DIRECTIONS -> Could you please retype all of the records exactly, skipping any pictures?

Dataset entries
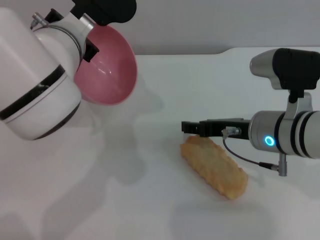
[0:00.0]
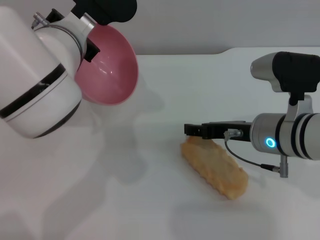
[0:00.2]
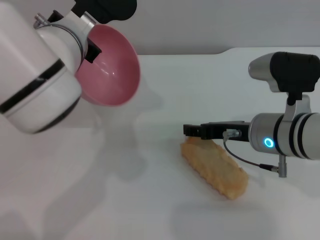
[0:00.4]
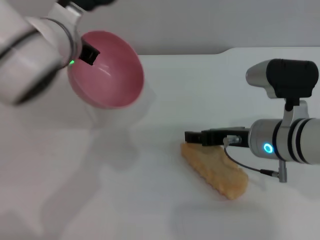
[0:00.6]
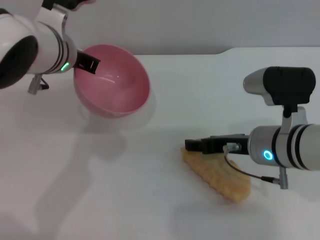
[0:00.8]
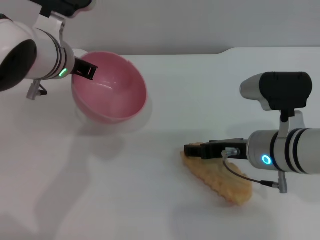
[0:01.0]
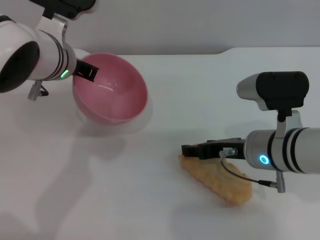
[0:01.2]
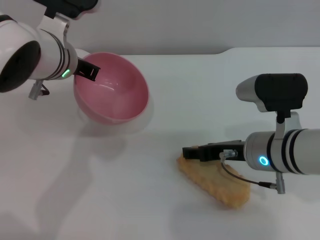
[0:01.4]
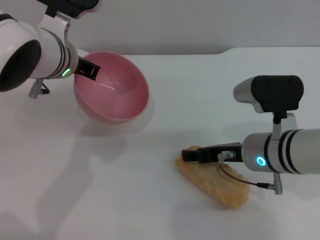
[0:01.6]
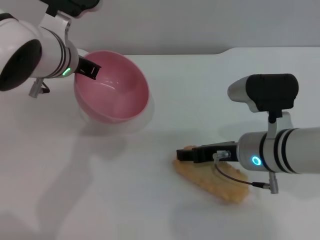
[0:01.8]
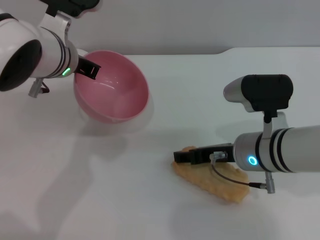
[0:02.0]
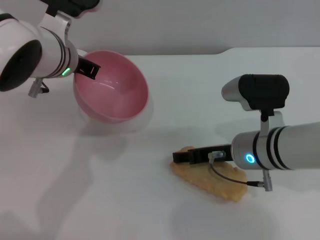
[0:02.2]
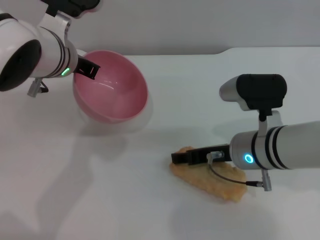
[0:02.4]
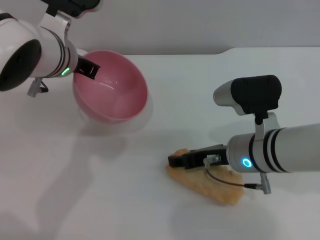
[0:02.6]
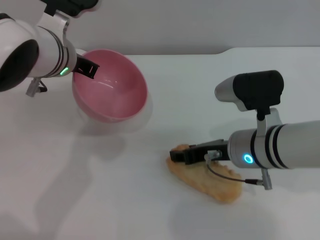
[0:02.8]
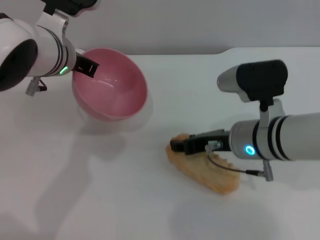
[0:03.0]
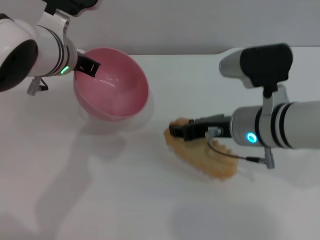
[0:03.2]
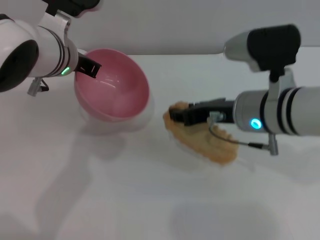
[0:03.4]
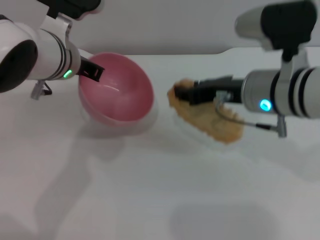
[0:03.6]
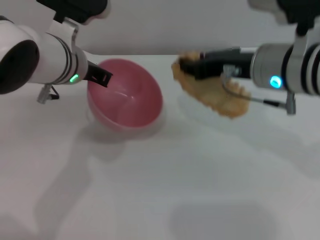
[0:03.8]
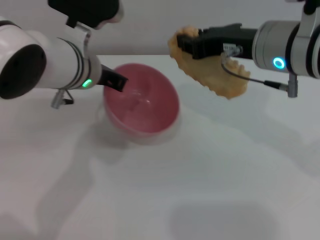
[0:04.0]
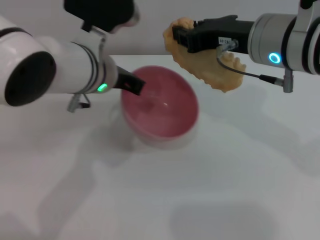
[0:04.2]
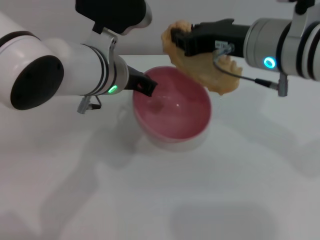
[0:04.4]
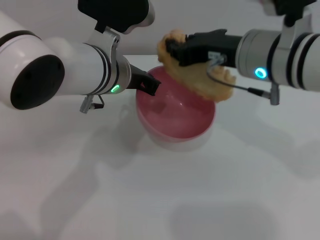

EXPECTED ANSWER ->
[0:00.0]
[0:00.2]
[0:00.4]
[0:00.6]
[0:00.8]
[0:01.0]
[0:01.2]
[0:01.4]
[0:01.6]
[0:01.8]
[0:02.0]
[0:02.2]
[0:02.4]
[0:02.6]
[0:02.8]
[0:03.0]
[0:03.2]
[0:03.4]
[0:03.6]
[0:03.8]
[0:04.0]
[0:04.2]
[0:04.4]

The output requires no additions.